Forest Service worker in Western NC says Trump termination was ‘devastating sucker punch’
The only wildlife biologist who covered the more than 500,000-acre Pisgah National Forest says he was one of the thousands of U.S. Forest Service workers let go under the Trump administration’s recent federal employee layoffs.
Another terminated Forest Service employee from Western North Carolina posted on Facebook on Monday that the agency had lost 17 employees, all working on hurricane recovery projects North Carolina forests.
Since taking office, President Donald Trump’s administration and the Department of Government Efficiency overseen by billionaire campaign donor Elon Musk have laid off thousands of federal employees in an attempt to reduce the government workforce.

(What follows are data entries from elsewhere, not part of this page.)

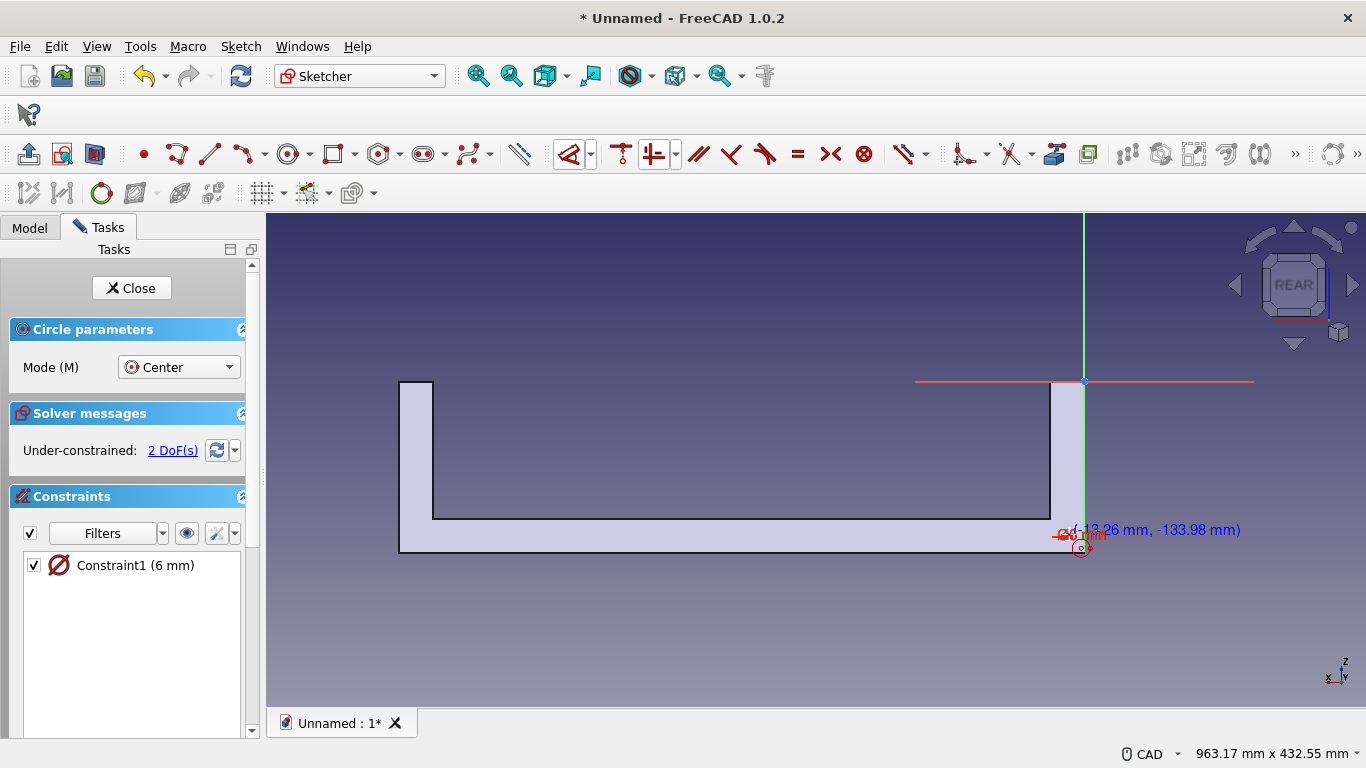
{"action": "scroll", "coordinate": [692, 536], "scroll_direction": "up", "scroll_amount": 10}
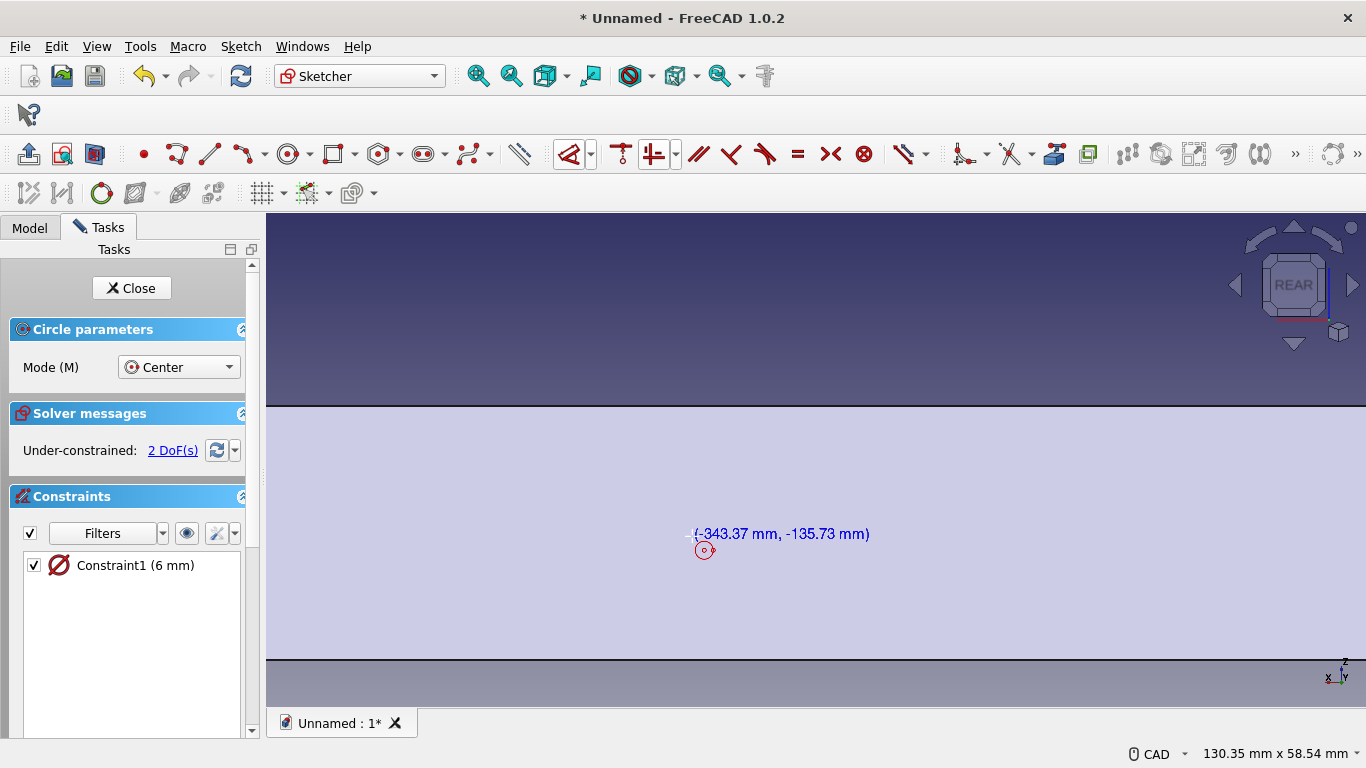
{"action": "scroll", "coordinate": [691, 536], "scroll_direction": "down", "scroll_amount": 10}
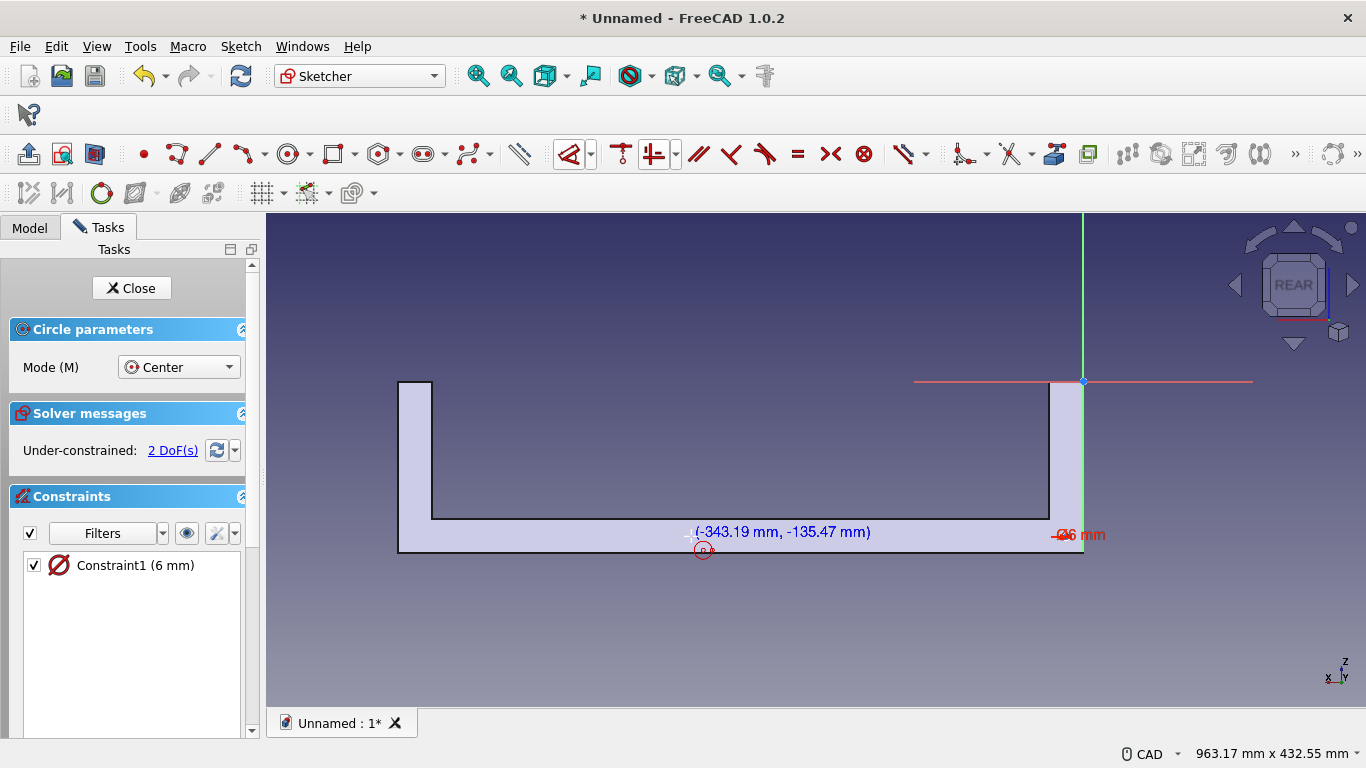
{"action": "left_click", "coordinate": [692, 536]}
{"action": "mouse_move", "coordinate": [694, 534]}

This included 3,400 employees at the U.S. Forest Service, the agency’s union president told Bloomberg Law on Thursday. Public safety Forest Service employees, including firefighting jobs, were exempt from the firings, according to Politico.
Mike Knoerr, who lives in Asheville and has spent the last 20 years working in wildlife conservation, said in a social media post on Friday it was a “devastating sucker punch” to be fired from his “dream job.”
Knoerr declined to comment when reached by phone Wednesday.
“Without my and other critical positions filled, Pisgah National Forest will be unable to meet statutory law requirements as it navigates both Helene recovery and every day work,” Knoerr’s post said. “Our most dedicated public servants were fired right when we need them most.”
The U.S. Forest Service is a federal agency that manages the country’s forests, public lands, and wildlife and employs over 35,000 people across the country, its website says.
This included Knoerr, who said he juggled multiple responsibilities, including “monitoring rare species, to improving habitat conditions for game animals, to restoring spruce-fir forest and wetlands, to prescribed fire.”
In recent months his work has been focused on Helene recovery.
“Much of my work in the coming years would have been focused on making our floodplains more resilient, addressing fuel risks, and working to keep rare species on the landscape,” he said.
But now, with his termination, there’s no one left to do his work in the region.
That’s work for which he received “stellar” performance reviews, he said, and a job at which he was never reprimanded. He was two weeks away from completing his 12-month probationary period, and was set to advance to “career status” after his supervisor had recently filed the paperwork, his post said.
Yet it was his performance that was cited as the reason for his termination, his post said. He included a quote from the agency in his post.
“The Agency finds, based on your performance, that you have not demonstrated that your further employment at the Agency would be in the public interest,” Knoerr’s post said.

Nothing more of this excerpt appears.